Often EAPPI members have joined these activities as observers. In particular this applies to an initiative of AEI, started in 2011, to develop a ‘Wall Museum’ made up of large thin-metal posters on the Wall with human stories of Palestinian sumud. The stories, sponsored by donators abroad, narrate the strength to outwit soldiers, not to succumb to occupation, a life mission of raising a family, or keeping dignity in humiliating situations.

 

After thousands of visitors have read or photographed the stories, it very recently happened that the Israeli army came at 2:00 in the morning to document the Wall poster stories nearby the Sumud Story House. Over a period of two hours, a soldier read the stories in English, another translated them into Hebrew, and a third kept the recorder in his hand.

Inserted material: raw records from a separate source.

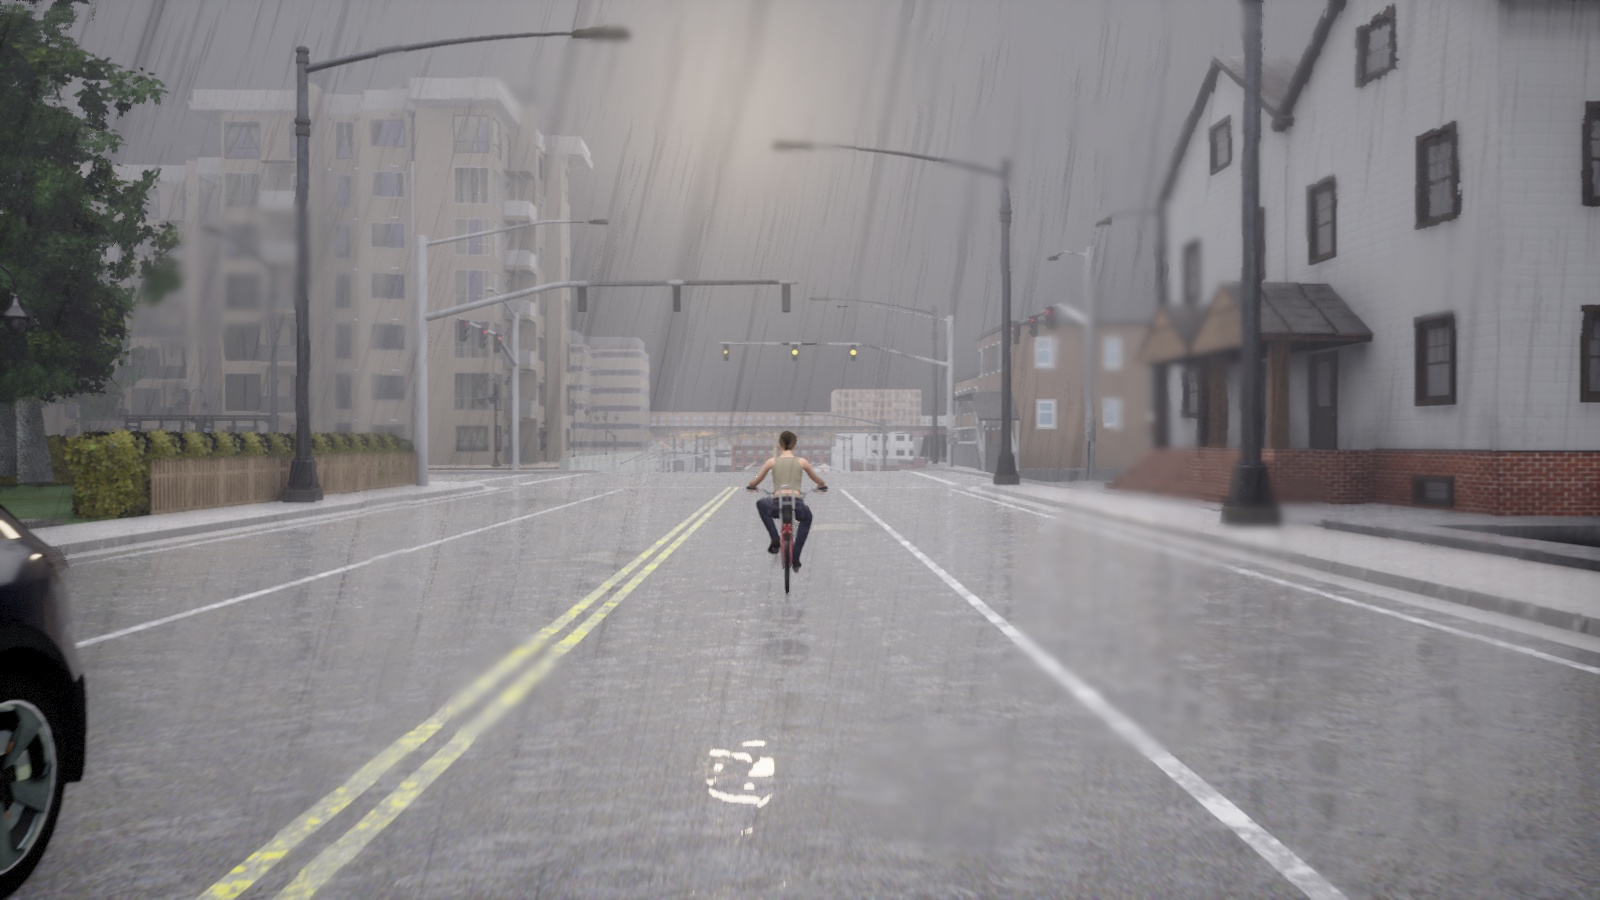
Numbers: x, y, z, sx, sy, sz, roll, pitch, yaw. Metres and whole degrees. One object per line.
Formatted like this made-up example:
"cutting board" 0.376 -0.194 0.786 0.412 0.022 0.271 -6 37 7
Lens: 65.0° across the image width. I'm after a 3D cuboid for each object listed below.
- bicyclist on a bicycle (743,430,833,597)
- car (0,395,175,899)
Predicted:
"bicyclist on a bicycle" -0.123 0.610 12.883 0.866 1.612 1.509 0 0 -1
"car" -3.514 0.659 2.625 2.033 1.649 4.856 0 0 -1

Will the stories be registered as a form of ‘incitement’?

 

Meanwhile, AEI has expanded the Wall Museum on the other, western side of Rachel’s Tomb, near Aida refugee camp, with lively youth stories and photos as well as children fantasies.

 

In the long run, it is AEI’s objective to develop focused educational activities in relation to the Wall. A recent initiative is the establishment of a Wall Information Center at the Sumud Story House, staffed by youth and women volunteers. As one visitor once said, “the Wall cannot stop your stories”!

 

A last development at AEI is an economical one. It is self-evident that sumud must have an economic base. In order to strengthen the financial position of youth and women, it is our intention to start up a one-year long vocational training to support home-based economies in the sphere of cultural tourism: home stays, cafetaria, Palestinian snacks on delivery base, workshops for tourists, and accompanying tourists (“rent a friend’). The long-term perspective is the development of a cooperative in the service of tourists who want to explore Palestine beyond the land marks and want to visit Palestinian homes – the base of community sumud.

 

For next year, 2017, the Arab Educational Institute (AEI) together with Palestine Link (PL) invite international artists to participate in an international exhibition near the wall in Betlehem. The subject will be visions of occupation and/or freedom. The exhibition will be part of an arts sumud festival in Bethlehem in the beginning of June 2017 when 50 years of occupation will be commemorated.